STA 2000 笔记
统计学笔记,仅作为个人学习记录,不保证正确性。
Index
- Index
- Chapter 1: Defining and Collecting Data
- Chapter 2: Organizing and Visualizing Variables
- Chapter 3: Numerical Descriptive Measures
- 3.1 Measures of Central Tendency
- 3.2 Measures of Variation
- 3.3 Shape of a Distribution
- 3.4 Quartile Measures
- 3.5 Five Number Summary
- 3.6 Numerical Descriptive Measures for Populations
- 3.7 Empirical Rule
- 3.8 Chebyshev's Rule
- 3.9 Covariance
- 3.10 Correlation Coefficient
- 3.11 Pitfalls in Numerical Descriptive Measures
- Chapter 4: Basic Probability
- Chapter 5: Discrete Probability Distributions
- Chapter 6: The Normal Distribution
- Chapter 7: Sampling Distributions
- Chapter 8: Confidence Interval Estimation
- Chapter 9: Fundamentals of Hypothesis Testing: One-Sample Tests
- Chapter 10: Two-Sample Tests and One-Way ANOVA
Chapter 1: Defining and Collecting Data
1.1 Variables
Categorical(qualitative): a variable that can be placed into a specific category, according to some characteristic or attribute.

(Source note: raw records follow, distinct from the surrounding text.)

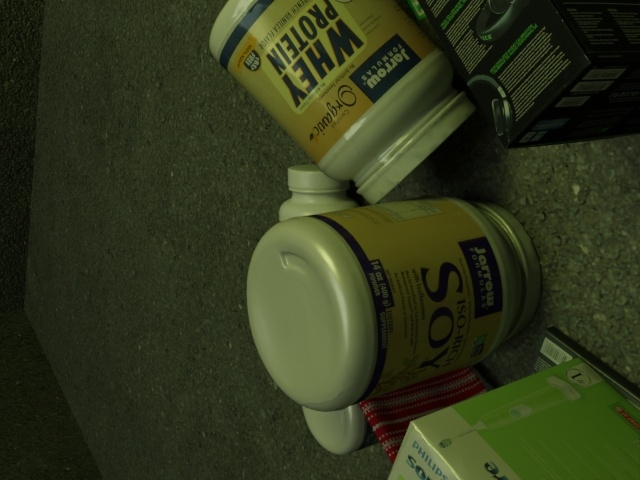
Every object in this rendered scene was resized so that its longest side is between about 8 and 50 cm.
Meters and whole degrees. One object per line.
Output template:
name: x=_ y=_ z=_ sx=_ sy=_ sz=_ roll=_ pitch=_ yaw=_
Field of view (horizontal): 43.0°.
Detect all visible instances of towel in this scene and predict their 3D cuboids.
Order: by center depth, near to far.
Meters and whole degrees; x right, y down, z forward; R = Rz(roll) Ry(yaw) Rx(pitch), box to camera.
towel: x=0.149 y=0.218 z=1.114 sx=0.275 sy=0.199 sz=0.031 roll=56 pitch=144 yaw=42

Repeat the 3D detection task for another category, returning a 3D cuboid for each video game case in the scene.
video game case: x=0.328 y=0.277 z=1.055 sx=0.196 sy=0.026 sz=0.274 roll=40 pitch=130 yaw=43

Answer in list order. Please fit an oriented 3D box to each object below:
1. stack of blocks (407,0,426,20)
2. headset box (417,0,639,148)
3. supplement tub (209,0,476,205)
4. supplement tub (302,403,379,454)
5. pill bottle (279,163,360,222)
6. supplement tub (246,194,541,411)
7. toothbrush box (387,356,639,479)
stack of blocks: x=0.099 y=-0.440 z=1.039 sx=0.297 sy=0.087 sz=0.171 roll=55 pitch=146 yaw=-9
headset box: x=0.241 y=-0.253 z=0.845 sx=0.131 sy=0.246 sz=0.283 roll=-50 pitch=59 yaw=48
supplement tub: x=0.032 y=-0.225 z=1.094 sx=0.316 sy=0.228 sz=0.228 roll=46 pitch=141 yaw=-1
supplement tub: x=0.086 y=0.230 z=1.233 sx=0.144 sy=0.200 sz=0.144 roll=20 pitch=115 yaw=52
pill bottle: x=0.000 y=0.000 z=1.353 sx=0.136 sy=0.136 sz=0.245 roll=16 pitch=111 yaw=53
supplement tub: x=0.099 y=0.068 z=1.056 sx=0.241 sy=0.331 sz=0.241 roll=21 pitch=116 yaw=52
toothbrush box: x=0.249 y=0.268 z=0.895 sx=0.206 sy=0.283 sz=0.122 roll=46 pitch=133 yaw=38
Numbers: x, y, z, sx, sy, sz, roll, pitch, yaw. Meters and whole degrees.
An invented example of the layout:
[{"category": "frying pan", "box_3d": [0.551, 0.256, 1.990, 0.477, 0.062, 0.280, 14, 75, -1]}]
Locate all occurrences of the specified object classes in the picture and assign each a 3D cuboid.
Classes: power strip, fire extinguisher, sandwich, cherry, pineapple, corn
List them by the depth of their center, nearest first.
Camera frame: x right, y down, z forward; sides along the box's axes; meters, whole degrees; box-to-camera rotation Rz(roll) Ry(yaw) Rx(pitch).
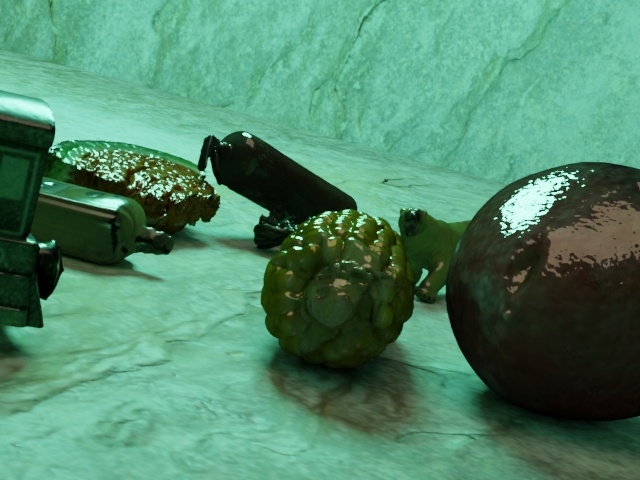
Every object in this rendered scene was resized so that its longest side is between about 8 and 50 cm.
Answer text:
[{"category": "cherry", "box_3d": [0.235, 0.047, 1.281, 0.261, 0.221, 0.307, 10, 18, 33]}, {"category": "corn", "box_3d": [0.020, 0.036, 1.303, 0.130, 0.130, 0.347, 15, 6, 2]}, {"category": "power strip", "box_3d": [-0.330, -0.046, 1.437, 0.387, 0.066, 0.092, 15, 11, 4]}, {"category": "sandwich", "box_3d": [-0.205, -0.049, 1.655, 0.159, 0.079, 0.235, 28, 16, 17]}, {"category": "pineapple", "box_3d": [0.000, 0.000, 1.687, 0.159, 0.074, 0.074, 10, 7, 18]}, {"category": "fire extinguisher", "box_3d": [-0.058, -0.066, 1.779, 0.072, 0.089, 0.268, -26, -35, 29]}]

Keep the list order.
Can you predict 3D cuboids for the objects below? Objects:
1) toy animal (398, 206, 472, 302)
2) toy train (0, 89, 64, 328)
[{"category": "toy animal", "box_3d": [0.145, 0.013, 1.711, 0.103, 0.101, 0.219, 24, 13, 41]}, {"category": "toy train", "box_3d": [-0.333, -0.040, 1.018, 0.330, 0.178, 0.138, 12, 9, -23]}]

- Nominal: no natural ordering of the categories
- Ordinal: natural ordering of the categories
Numerical(quantitative): a variable that can be measured numerically.
- Discrete: arise from a counting process
- Continuous: arise from a measuring process
1.1.1 Measurement Scales
Interval scale: an ordered scale in which the difference between measurements is a meaningful quantity but the measurements do not have a true zero point.
Ratio scale: an ordered scale in which the difference between measurements is a meaningful quantity and the measurements have a true zero point.
1.2 Population and Sample
Population: the set of all elements of interest in a particular study.
- contains all measurements of interest to the investigator
Sample: a subset of the population.
- a part of the population selected for analysis
1.2.1 Parameter and Statistic
Population parameter: a numerical measure that describes an aspect of a population.
Sample statistic: a numerical measure that describes an aspect of a sample.
1.2.2 Sources of Data
Primary sources: data that are generated by the investigator conducting the study.
- from a political survey
- collected from an experiment
- observed data
Secondary sources: data that were produced by someone other than the investigator conducting the study.
- analyzing census data
- examining data from print journals or data published on the Internet
1.2.3 Probability Sample
In a probability sample, items in the sample are chosen on the basis of known probabilities.
- Simple random sample: every individual or item from the frame has an equal chance of being selected
- Systematic sample: the items are selected according to a specified time or item interval in the sampling frame
- divide frame of
individuals into groups of individuals:
- divide frame of
- Stratified sample: divide population into two or more subgroups(strata)according to some characteristic that is important to the study
- Cluster sample: population is divided into several "clusters" or sections, then some of those clusters are randomly selected and all members of the selected clusters are used as the sample
Chapter 2: Organizing and Visualizing Variables
2.1 Organizing Categorical Data
- Summary table: tallies the frequencies or percentages of items in a set of categories so that you can see differences between categories
- Contingency table: a table that classifies sample observations according to two or more identifiable categories so that the relationship between the categories can be studied
2.2 Organizing Numerical Data
- Ordered array: a sequence of data, in rank order, from the smallest value to the largest value.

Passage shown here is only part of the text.